# Haunted Tree using Vent Motors



## dionicia (Aug 4, 2007)

Well it took three years of R&D and three redesigns, but I can finally check this bad boy off the list as being done.

There are two LED Fader circuits in the top and bottom and two vent motors. The bottom vent motor makes the skull jaws open and close and the top motor makes the arms of the tree move up and down (counter weights are used to offset the weight of the arms).


----------



## Headless (Sep 4, 2011)

Great job with that. Looks fantastic


----------



## Hauntiholik (May 17, 2006)

Love it! My son also said "that's cool!" when he was peeking over my shoulder instead of doing his homework.


----------



## dionicia (Aug 4, 2007)

Thanks.


----------



## MapThePlanet (Nov 12, 2010)

Very COOL!


----------



## MrGrimm (May 19, 2009)

Awesome! The moaning skull are creepy! Wow!


----------



## Dark Angel 27 (Sep 11, 2008)

freaking amazing! i love this prop!


----------



## IMU (Apr 8, 2009)

Hey, I think I've seen this someplace before ... AWESOME!


----------



## kprimm (Mar 14, 2009)

That is very VERY cool. You should be very proud of this work. I can tell you your hard work paid off in spades because that is amazing. I would love to have one in my yard.


----------



## dionicia (Aug 4, 2007)

Thank you everyone.


----------



## HalloweenZombie (Jul 22, 2007)

I like that! A lot!


----------



## RoxyBlue (Oct 6, 2008)

Now you're just gonna have to do a "How I Did It" thread


----------



## dionicia (Aug 4, 2007)

The wiring is a real mess, but I have progress pictures I can post.


----------



## Wildcat (Nov 3, 2007)

Awesome looking tree. The movement is great as well.
Progress pics would be great.


----------



## Zurgh (Dec 21, 2009)

Very nice!


----------



## Allen H (Feb 13, 2010)

wow..you make me think I suck.
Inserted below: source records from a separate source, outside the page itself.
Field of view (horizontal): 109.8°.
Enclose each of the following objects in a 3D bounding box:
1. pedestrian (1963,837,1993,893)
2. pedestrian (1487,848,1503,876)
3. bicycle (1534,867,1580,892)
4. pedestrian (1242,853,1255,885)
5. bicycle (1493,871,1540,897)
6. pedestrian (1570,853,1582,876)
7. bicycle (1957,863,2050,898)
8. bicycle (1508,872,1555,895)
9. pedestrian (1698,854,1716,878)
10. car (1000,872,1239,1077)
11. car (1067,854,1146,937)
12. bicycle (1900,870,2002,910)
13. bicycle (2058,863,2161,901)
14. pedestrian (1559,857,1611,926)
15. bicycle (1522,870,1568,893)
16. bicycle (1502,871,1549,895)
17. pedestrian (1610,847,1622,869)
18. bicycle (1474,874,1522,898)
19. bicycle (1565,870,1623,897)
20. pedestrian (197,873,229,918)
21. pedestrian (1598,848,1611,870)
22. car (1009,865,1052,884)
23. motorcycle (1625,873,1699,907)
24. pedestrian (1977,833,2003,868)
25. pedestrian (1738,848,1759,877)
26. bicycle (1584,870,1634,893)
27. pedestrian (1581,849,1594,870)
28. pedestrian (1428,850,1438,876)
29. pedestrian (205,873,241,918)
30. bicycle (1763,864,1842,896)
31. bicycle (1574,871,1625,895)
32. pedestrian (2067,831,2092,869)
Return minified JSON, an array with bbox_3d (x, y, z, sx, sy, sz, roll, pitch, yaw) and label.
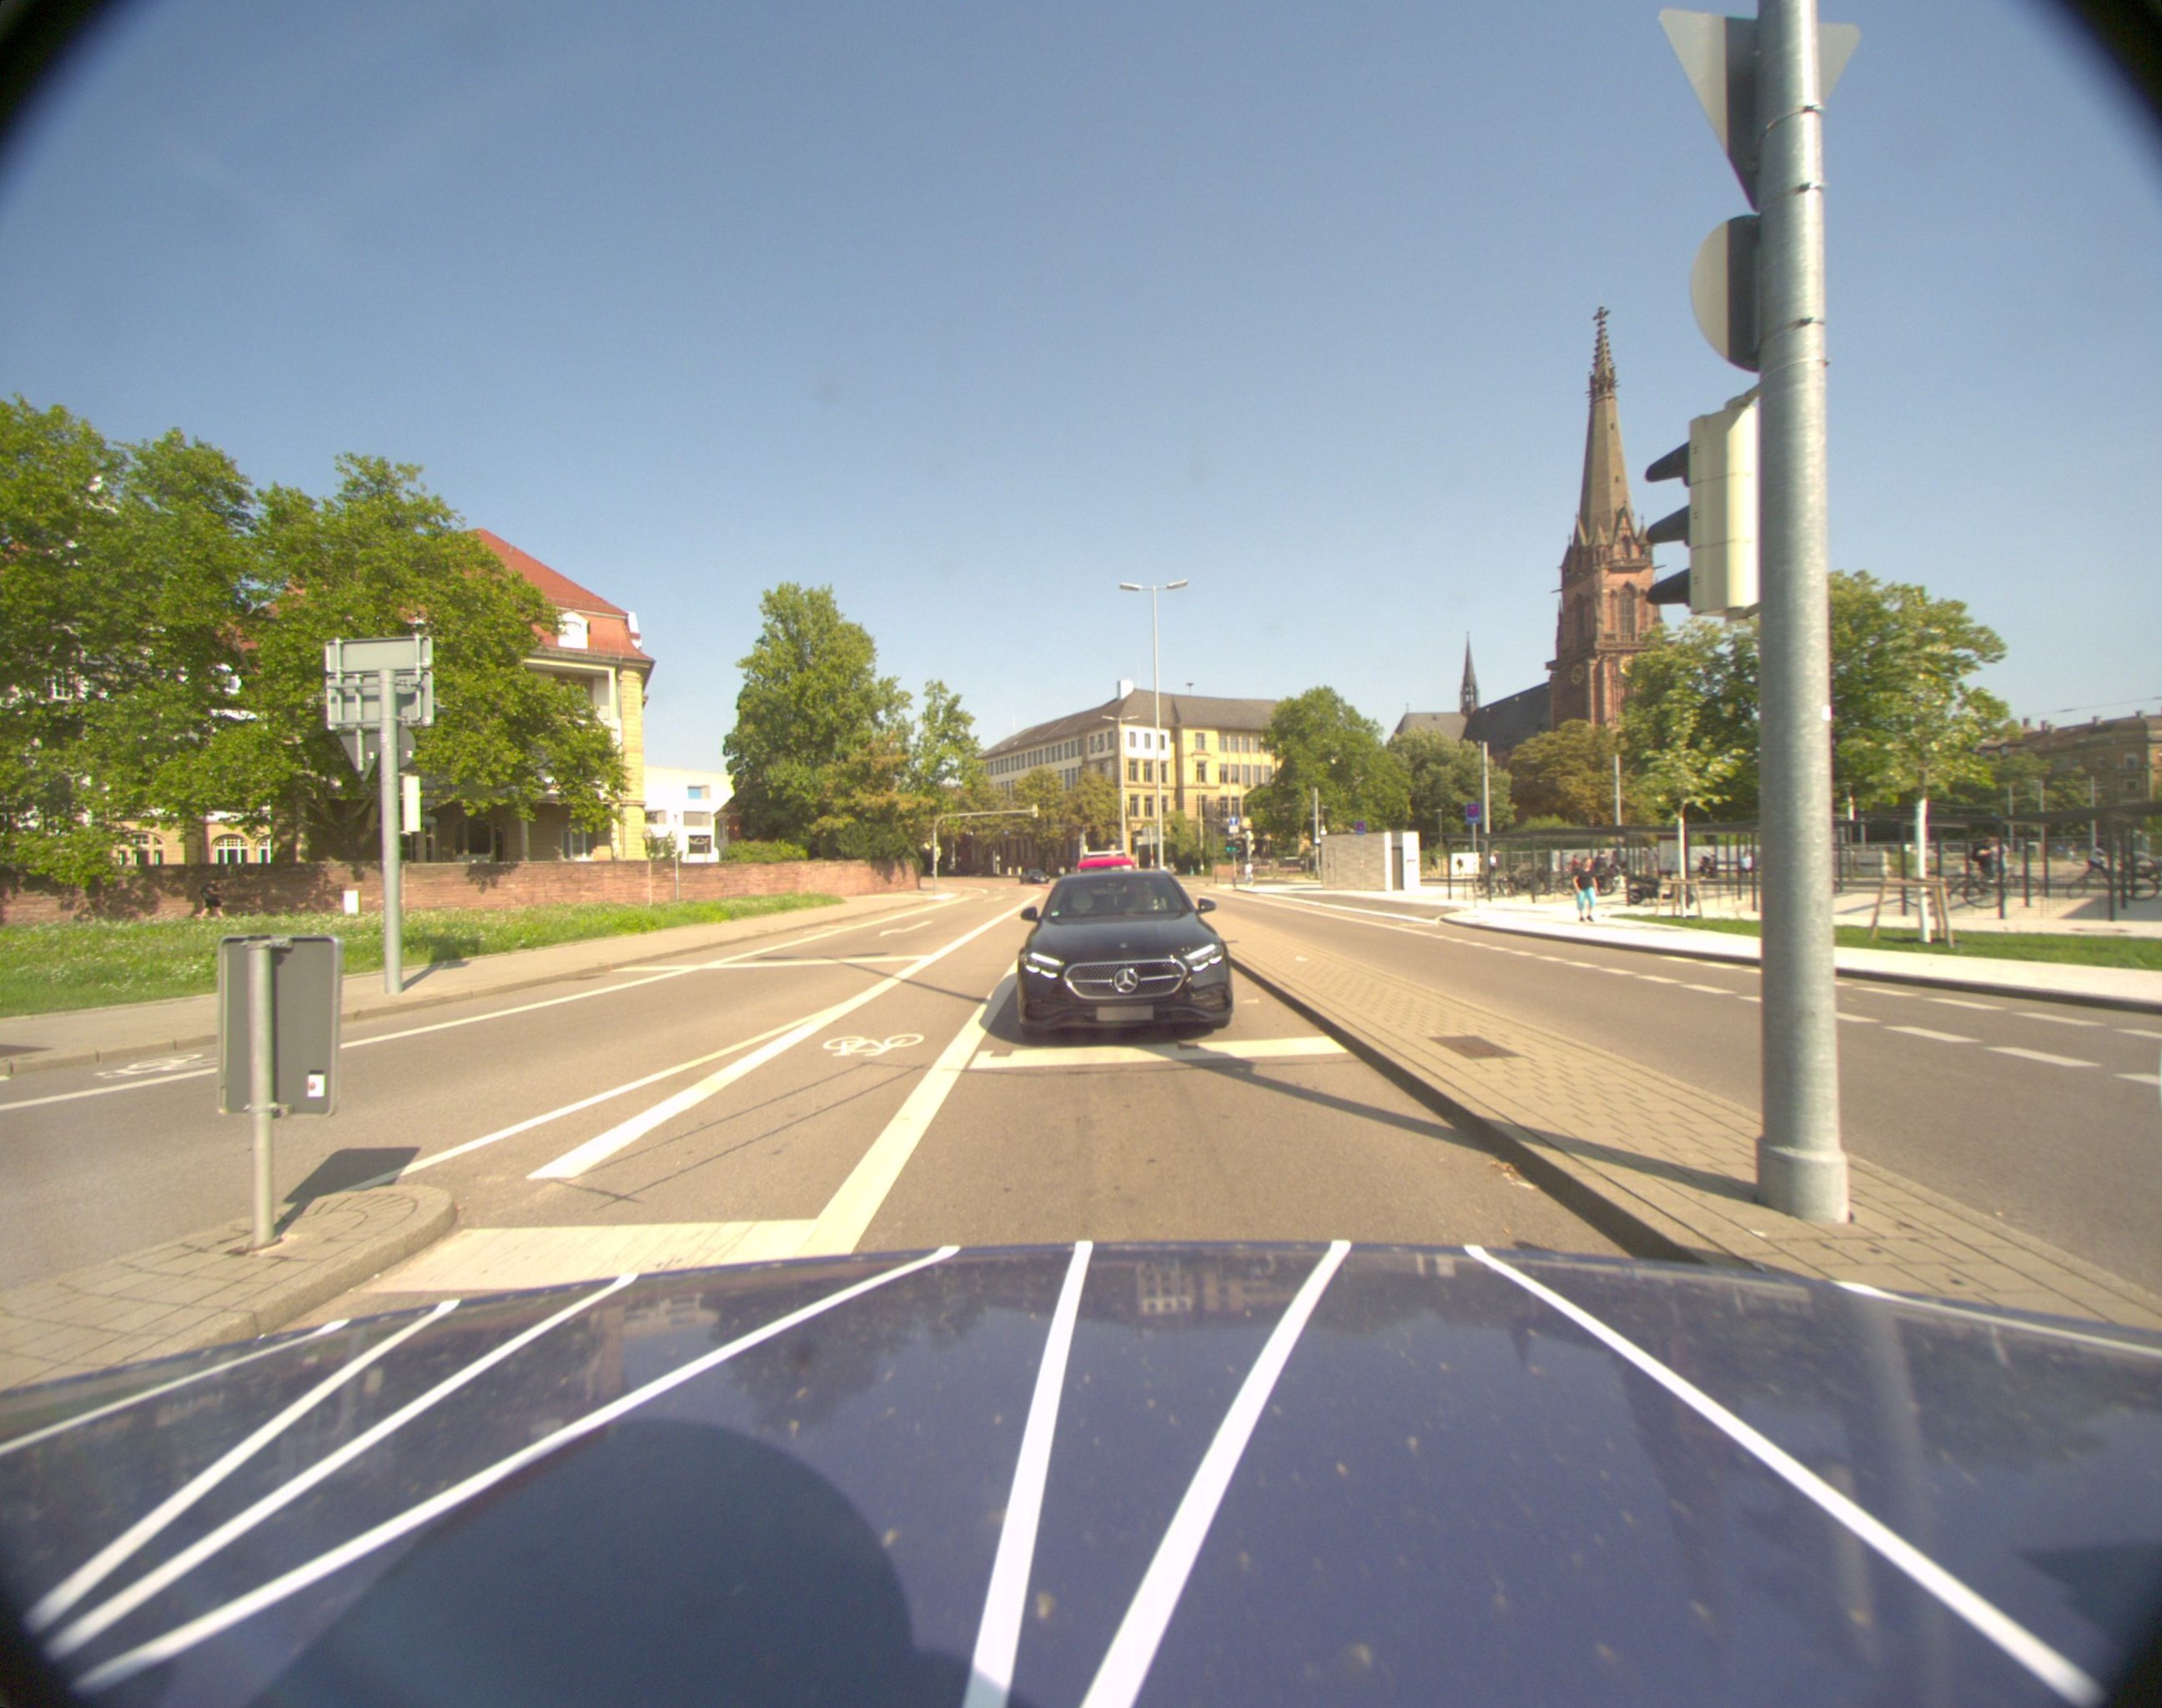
[{"bbox_3d":[28.977,0.346,24.542,0.334,1.791,0.591,-1,0,-38],"label":"pedestrian"},{"bbox_3d":[25.867,0.475,47.495,0.716,1.738,0.389,-1,0,-1],"label":"pedestrian"},{"bbox_3d":[19.903,1.061,31.799,0.453,0.972,1.584,-3,1,-33],"label":"bicycle"},{"bbox_3d":[10.539,0.921,47.713,0.732,2.002,0.715,-1,0,10],"label":"pedestrian"},{"bbox_3d":[16.989,1.151,29.676,0.422,0.961,1.584,-1,0,-33],"label":"bicycle"},{"bbox_3d":[29.160,0.624,44.768,0.394,1.310,0.414,-4,0,-28],"label":"pedestrian"},{"bbox_3d":[27.762,0.783,22.888,0.402,1.003,1.741,-1,0,-33],"label":"bicycle"},{"bbox_3d":[18.030,1.152,30.416,0.410,0.887,1.584,-1,0,-33],"label":"bicycle"},{"bbox_3d":[31.944,0.615,38.776,0.468,1.190,0.573,-1,0,-32],"label":"pedestrian"},{"bbox_3d":[0.411,1.000,8.332,1.824,1.431,4.874,-1,0,3],"label":"car"},{"bbox_3d":[0.701,0.955,19.170,1.736,1.808,4.279,-1,-1,4],"label":"car"},{"bbox_3d":[23.243,0.935,20.336,0.402,1.003,1.741,-1,0,-33],"label":"bicycle"},{"bbox_3d":[28.652,0.763,21.157,0.475,1.014,1.740,-1,0,-34],"label":"bicycle"},{"bbox_3d":[11.631,0.849,17.559,0.754,1.556,0.666,0,0,-16],"label":"pedestrian"},{"bbox_3d":[18.949,1.116,31.066,0.402,0.887,1.584,-1,0,-33],"label":"bicycle"},{"bbox_3d":[17.566,1.132,30.075,0.402,0.887,1.584,-1,0,-33],"label":"bicycle"},{"bbox_3d":[30.494,0.245,43.320,0.440,1.217,0.382,-4,0,-32],"label":"pedestrian"},{"bbox_3d":[15.902,1.206,29.017,0.402,0.887,1.584,-1,0,-33],"label":"bicycle"},{"bbox_3d":[19.167,1.079,28.415,0.534,0.981,1.709,-1,0,-33],"label":"bicycle"},{"bbox_3d":[-32.661,1.549,28.588,0.595,1.642,0.482,-4,0,-29],"label":"pedestrian"},{"bbox_3d":[30.300,0.276,43.987,0.440,1.217,0.382,-4,0,-32],"label":"pedestrian"},{"bbox_3d":[-4.754,1.849,70.663,2.003,1.600,4.236,-4,1,-36],"label":"car"},{"bbox_3d":[18.055,1.108,23.659,0.544,1.003,1.741,-1,0,-33],"label":"motorcycle"},{"bbox_3d":[37.368,-0.144,31.239,0.470,1.413,0.568,-4,0,-32],"label":"pedestrian"},{"bbox_3d":[32.764,0.428,37.282,0.663,1.386,0.642,-1,0,-35],"label":"pedestrian"},{"bbox_3d":[20.965,1.076,30.192,0.410,0.887,1.584,-1,0,-33],"label":"bicycle"},{"bbox_3d":[29.455,0.311,44.190,0.440,1.217,0.382,-4,0,-32],"label":"pedestrian"},{"bbox_3d":[23.181,0.572,50.033,0.517,1.697,0.504,-1,1,25],"label":"pedestrian"},{"bbox_3d":[-32.906,1.574,29.143,0.719,1.673,0.593,-1,0,-30],"label":"pedestrian"},{"bbox_3d":[24.255,0.863,25.577,0.462,1.003,1.870,-1,0,-33],"label":"bicycle"},{"bbox_3d":[19.920,1.100,29.214,0.410,0.887,1.584,-1,0,-33],"label":"bicycle"},{"bbox_3d":[38.292,-0.162,29.134,0.570,1.413,0.468,-4,0,-31],"label":"pedestrian"}]

I have an FCG rig kicking my but and you whip out multiple moving parts and waving tree arms. Great job.


----------



## asterix0 (Nov 5, 2008)

Amazing!

I have a dumb question. What is a vent motor?


----------



## IMU (Apr 8, 2009)

If you check out her Youtube channel ... she has several vlogs of her building the tree mixed in with all her other awesome props! I'm sure she would be willing to show the mechanics when she has some "free" time. 
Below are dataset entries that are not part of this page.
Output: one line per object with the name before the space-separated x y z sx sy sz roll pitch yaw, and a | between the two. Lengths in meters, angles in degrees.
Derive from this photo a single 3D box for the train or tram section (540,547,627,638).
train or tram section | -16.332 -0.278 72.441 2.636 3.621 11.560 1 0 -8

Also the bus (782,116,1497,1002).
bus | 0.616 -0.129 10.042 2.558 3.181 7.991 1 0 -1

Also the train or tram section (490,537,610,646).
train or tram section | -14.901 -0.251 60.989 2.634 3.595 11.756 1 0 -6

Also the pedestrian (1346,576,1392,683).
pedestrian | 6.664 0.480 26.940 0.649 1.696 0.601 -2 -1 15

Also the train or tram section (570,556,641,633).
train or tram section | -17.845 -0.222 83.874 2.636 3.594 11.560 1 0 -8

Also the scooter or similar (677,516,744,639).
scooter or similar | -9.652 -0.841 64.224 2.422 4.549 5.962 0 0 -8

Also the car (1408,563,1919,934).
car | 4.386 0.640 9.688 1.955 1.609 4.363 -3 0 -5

A vent motor is a small 5RPM motor primarily used to move A/C vents in a car's dashboard. Sadly, most places online don't sell them anymore (or are a lot more expensive).


----------



## Volscalkur (Feb 15, 2010)

Sweet! 
That is a really creepy tree! Great job!

Thanks for explaining what a vent motor was *IMU*!
I didn't know either.


----------



## BrainSkillet (Oct 2, 2010)

yeah that's creepy. Great Job. I can imagine how it will look in the dark with some lighting.


----------



## Homer (Sep 28, 2011)

love the tree. That is great. might have to copy


----------



## spideranne (Jul 17, 2006)

Looks awesome! That's going to be great in your yard.


----------



## dionicia (Aug 4, 2007)

With everything that you do Allen, I know it wont be too long and you will get the upper hand on that FCG rig.

Let me know if I can help. Sometimes another perspective helps. 



Allen H said:


> wow..you make me think I suck. I have an FCG rig kicking my but and you whip out multiple moving parts and waving tree arms. Great job.


Oh and thank you everyone.


----------



## bfrd22 (Sep 30, 2011)

What an amazing Prop! WOW!


----------



## dionicia (Aug 4, 2007)

Thank you.


----------



## La Strega Nera (Aug 19, 2011)

I love this! Makes me rethink the plain spooky tree I am planning for next year.


----------



## Spooky1 (Aug 25, 2008)

That's down right creepy. Nice job.


----------



## LouieScaredStupid (Oct 10, 2011)

That's amazing. The multiple moaning skulls are such a great effect. I have a lot of learning to do. This is a big inspiration.


----------



## dionicia (Aug 4, 2007)

Once you learn the FCG basics, the possibilities are endless.


----------



## fick209 (Aug 31, 2009)

That is fantastic!!!


----------



## SpankyBaby (Oct 6, 2011)

Awesome job!!!


----------



## dionicia (Aug 4, 2007)

Thank you everyone.


----------